- _Information_
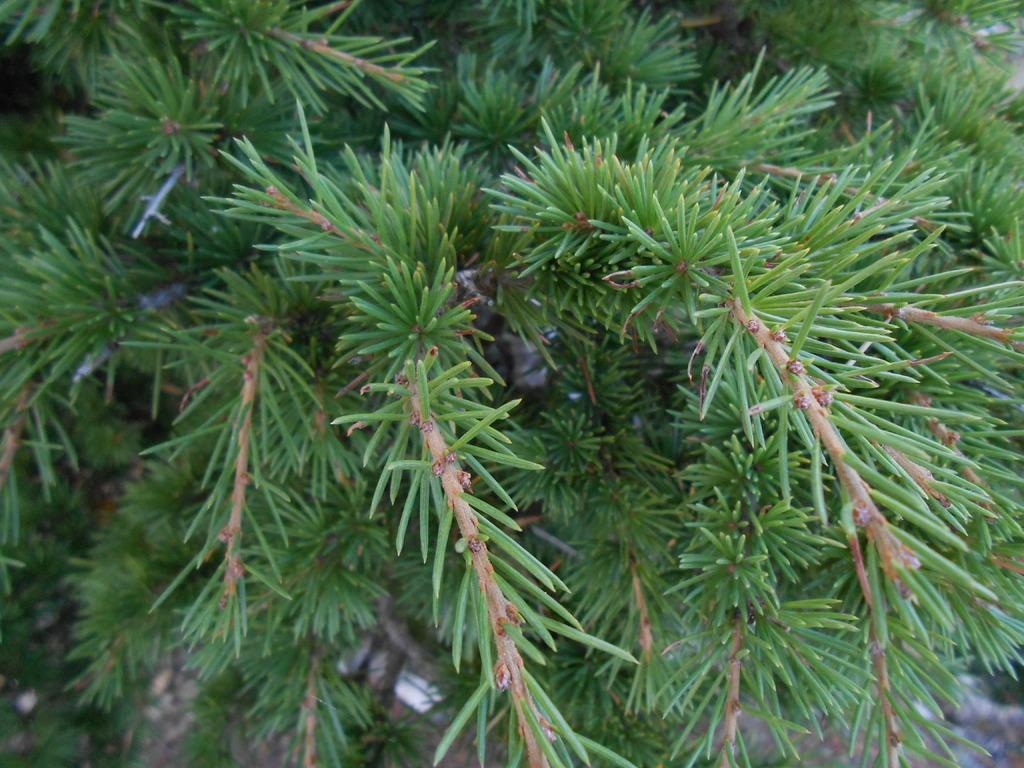What is depicted in the image? The image contains branches of a tree. What can be observed about the branches? The branches have leaves. What type of crime is being committed in the image? There is no crime present in the image; it features branches of a tree with leaves. Can you tell me where the faucet is located in the image? There is no faucet present in the image; it only contains branches of a tree with leaves. 
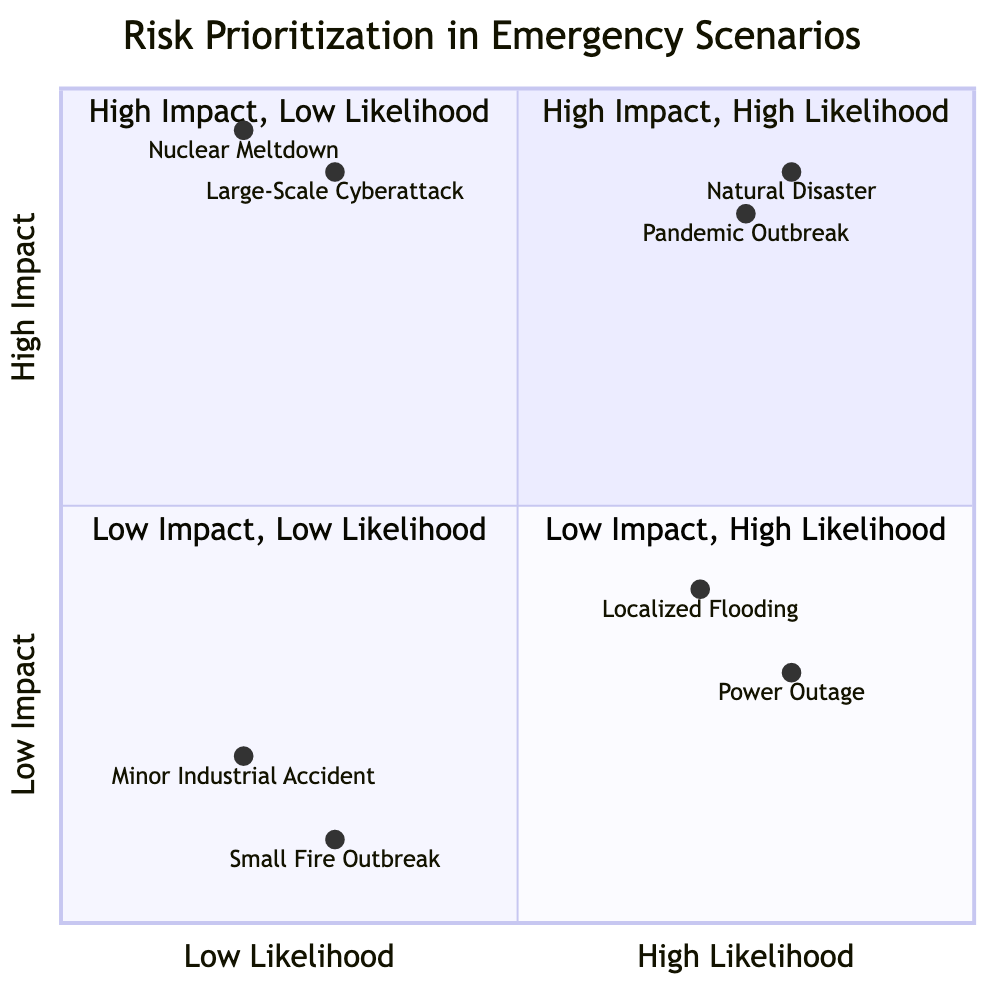What are the two risks in the "High Impact, High Likelihood" quadrant? In the "High Impact, High Likelihood" quadrant, the risks listed are "Natural Disaster" and "Pandemic Outbreak." These are the only two items in that specific quadrant.
Answer: Natural Disaster, Pandemic Outbreak How many risks are plotted in the "Low Impact, Low Likelihood" quadrant? There are two risks plotted in the "Low Impact, Low Likelihood" quadrant: "Minor Industrial Accident" and "Small Fire Outbreak." By counting the items, we identify that quadrant has two risks.
Answer: 2 What is the likelihood value of "Nuclear Meltdown"? The likelihood value for "Nuclear Meltdown" is 0.2, as seen in the data provided for this specific risk point in the diagram.
Answer: 0.2 Which risk has the highest impact according to the diagram? The risk with the highest impact in the diagram is "Nuclear Meltdown," located in the "High Impact, Low Likelihood" quadrant, with an impact value of 0.95.
Answer: Nuclear Meltdown Is "Power Outage" regarded as high impact or low impact? "Power Outage" is considered low impact as it is positioned in the "Low Impact, High Likelihood" quadrant according to the chart's classification.
Answer: Low Impact What is the example given for "Large-Scale Cyberattack"? The example for "Large-Scale Cyberattack" is "Nation-state-sponsored attacks on critical infrastructure," which is explicitly stated in the related data section.
Answer: Nation-state-sponsored attacks on critical infrastructure Which quadrant contains "Localized Flooding"? "Localized Flooding" is found in the "Low Impact, High Likelihood" quadrant. It is categorized there based on its corresponding likelihood and impact values.
Answer: Low Impact, High Likelihood How does the likelihood of "Pandemic Outbreak" compare to "Natural Disaster"? The likelihood of "Pandemic Outbreak" is 0.75, while "Natural Disaster" has a likelihood of 0.8. Thus, "Natural Disaster" has a higher likelihood than "Pandemic Outbreak."
Answer: Higher for Natural Disaster What is the correlation between impact and likelihood for the risks in the "High Impact, High Likelihood" quadrant? Both risks in this quadrant, "Natural Disaster" and "Pandemic Outbreak," have high impact and high likelihood values, indicating that they are highly probable and extremely consequential.
Answer: High correlation

- _What is needed_
Look at the listing and set down only the lines from its start through the line with "What are the", word for word and without pictures.

- _Task solution_
What is depicted in the image? The image contains branches of a tree. What can be observed about the branches? The branches have leaves. What type of crime is being committed in the image? There is no crime present in the image; it features branches of a tree with leaves. Can you tell me where the faucet is located in the image? There is no faucet present in the image; it only contains branches of a tree with leaves. 
What are the two risks in the "High Impact, High Likelihood" quadrant? In the "High Impact, High Likelihood" quadrant, the risks listed are "Natural Disaster" and "Pandemic Outbreak." These are the only two items in that specific quadrant.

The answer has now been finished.